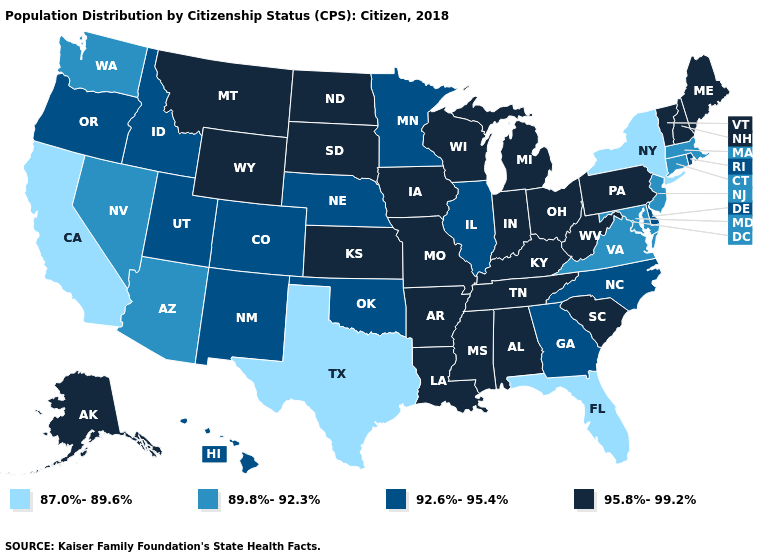Does the map have missing data?
Short answer required. No. Does Illinois have the highest value in the USA?
Write a very short answer. No. Which states hav the highest value in the Northeast?
Give a very brief answer. Maine, New Hampshire, Pennsylvania, Vermont. Name the states that have a value in the range 92.6%-95.4%?
Write a very short answer. Colorado, Delaware, Georgia, Hawaii, Idaho, Illinois, Minnesota, Nebraska, New Mexico, North Carolina, Oklahoma, Oregon, Rhode Island, Utah. Name the states that have a value in the range 95.8%-99.2%?
Keep it brief. Alabama, Alaska, Arkansas, Indiana, Iowa, Kansas, Kentucky, Louisiana, Maine, Michigan, Mississippi, Missouri, Montana, New Hampshire, North Dakota, Ohio, Pennsylvania, South Carolina, South Dakota, Tennessee, Vermont, West Virginia, Wisconsin, Wyoming. Does Massachusetts have the highest value in the Northeast?
Write a very short answer. No. What is the value of Florida?
Keep it brief. 87.0%-89.6%. Name the states that have a value in the range 92.6%-95.4%?
Keep it brief. Colorado, Delaware, Georgia, Hawaii, Idaho, Illinois, Minnesota, Nebraska, New Mexico, North Carolina, Oklahoma, Oregon, Rhode Island, Utah. What is the value of South Dakota?
Be succinct. 95.8%-99.2%. Does Illinois have the highest value in the MidWest?
Keep it brief. No. Does Tennessee have the highest value in the USA?
Give a very brief answer. Yes. Name the states that have a value in the range 87.0%-89.6%?
Quick response, please. California, Florida, New York, Texas. Name the states that have a value in the range 87.0%-89.6%?
Quick response, please. California, Florida, New York, Texas. What is the value of Washington?
Be succinct. 89.8%-92.3%. What is the lowest value in states that border Arizona?
Short answer required. 87.0%-89.6%. 
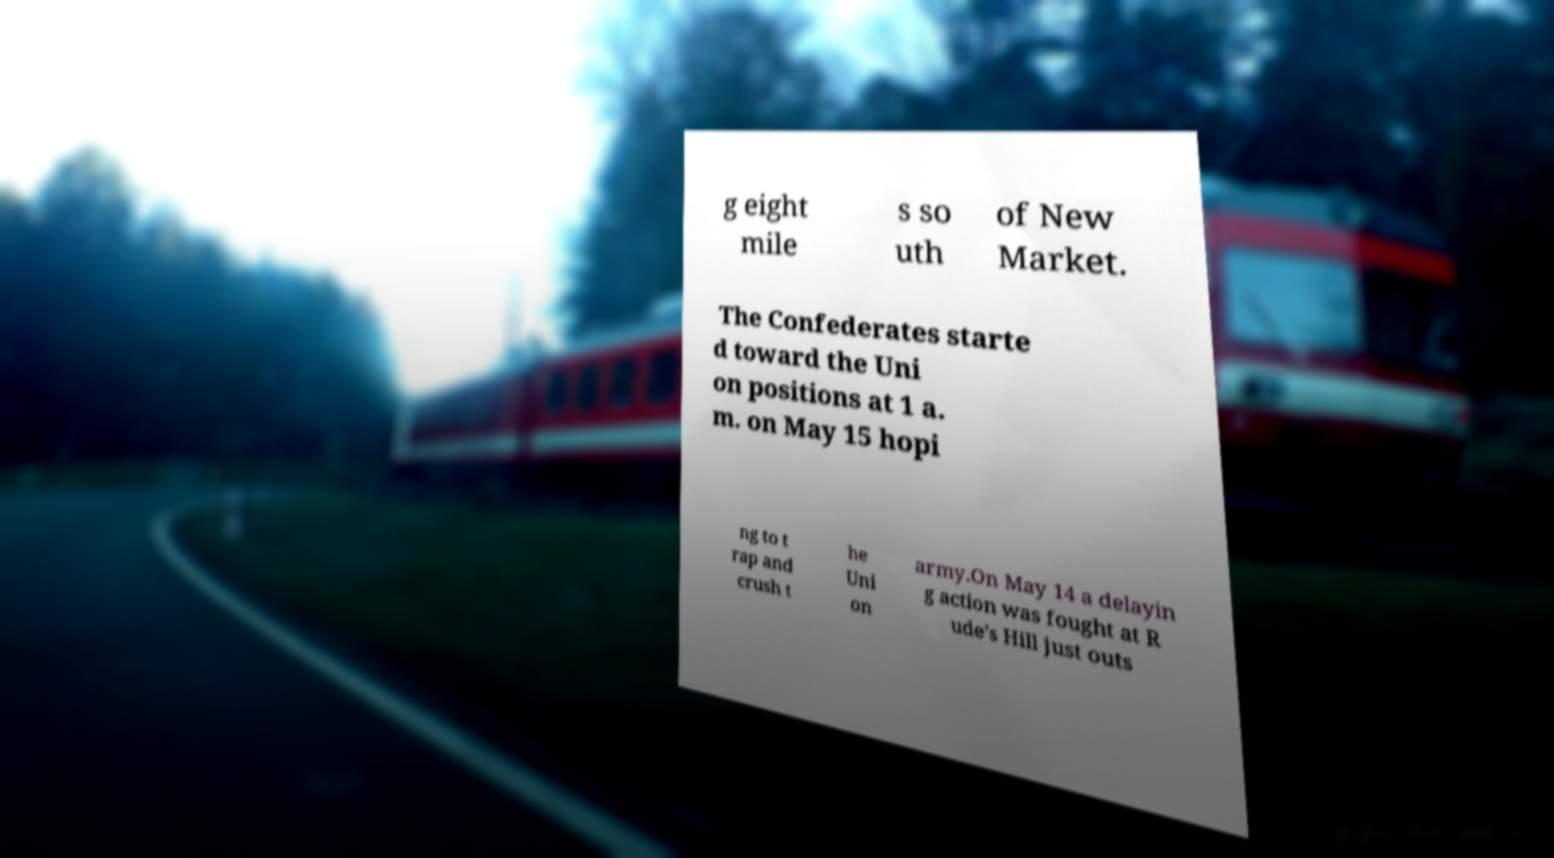Could you assist in decoding the text presented in this image and type it out clearly? g eight mile s so uth of New Market. The Confederates starte d toward the Uni on positions at 1 a. m. on May 15 hopi ng to t rap and crush t he Uni on army.On May 14 a delayin g action was fought at R ude's Hill just outs
================
> **Exercise details**: The listing above is to be written out again exactly, with its pictures omitted.

> **Output for this task**:
Does the map have missing data?
Short answer required. No. Does Illinois have the highest value in the USA?
Write a very short answer. No. Which states hav the highest value in the Northeast?
Give a very brief answer. Maine, New Hampshire, Pennsylvania, Vermont. Name the states that have a value in the range 92.6%-95.4%?
Write a very short answer. Colorado, Delaware, Georgia, Hawaii, Idaho, Illinois, Minnesota, Nebraska, New Mexico, North Carolina, Oklahoma, Oregon, Rhode Island, Utah. Name the states that have a value in the range 95.8%-99.2%?
Keep it brief. Alabama, Alaska, Arkansas, Indiana, Iowa, Kansas, Kentucky, Louisiana, Maine, Michigan, Mississippi, Missouri, Montana, New Hampshire, North Dakota, Ohio, Pennsylvania, South Carolina, South Dakota, Tennessee, Vermont, West Virginia, Wisconsin, Wyoming. Does Massachusetts have the highest value in the Northeast?
Write a very short answer. No. What is the value of Florida?
Keep it brief. 87.0%-89.6%. Name the states that have a value in the range 92.6%-95.4%?
Keep it brief. Colorado, Delaware, Georgia, Hawaii, Idaho, Illinois, Minnesota, Nebraska, New Mexico, North Carolina, Oklahoma, Oregon, Rhode Island, Utah. What is the value of South Dakota?
Be succinct. 95.8%-99.2%. Does Illinois have the highest value in the MidWest?
Keep it brief. No. Does Tennessee have the highest value in the USA?
Give a very brief answer. Yes. Name the states that have a value in the range 87.0%-89.6%?
Quick response, please. California, Florida, New York, Texas. Name the states that have a value in the range 87.0%-89.6%?
Quick response, please. California, Florida, New York, Texas. What is the value of Washington?
Be succinct. 89.8%-92.3%. What is the lowest value in states that border Arizona?
Short answer required. 87.0%-89.6%. 
Could you assist in decoding the text presented in this image and type it out clearly? g eight mile s so uth of New Market. The Confederates starte d toward the Uni on positions at 1 a. m. on May 15 hopi ng to t rap and crush t he Uni on army.On May 14 a delayin g action was fought at R ude's Hill just outs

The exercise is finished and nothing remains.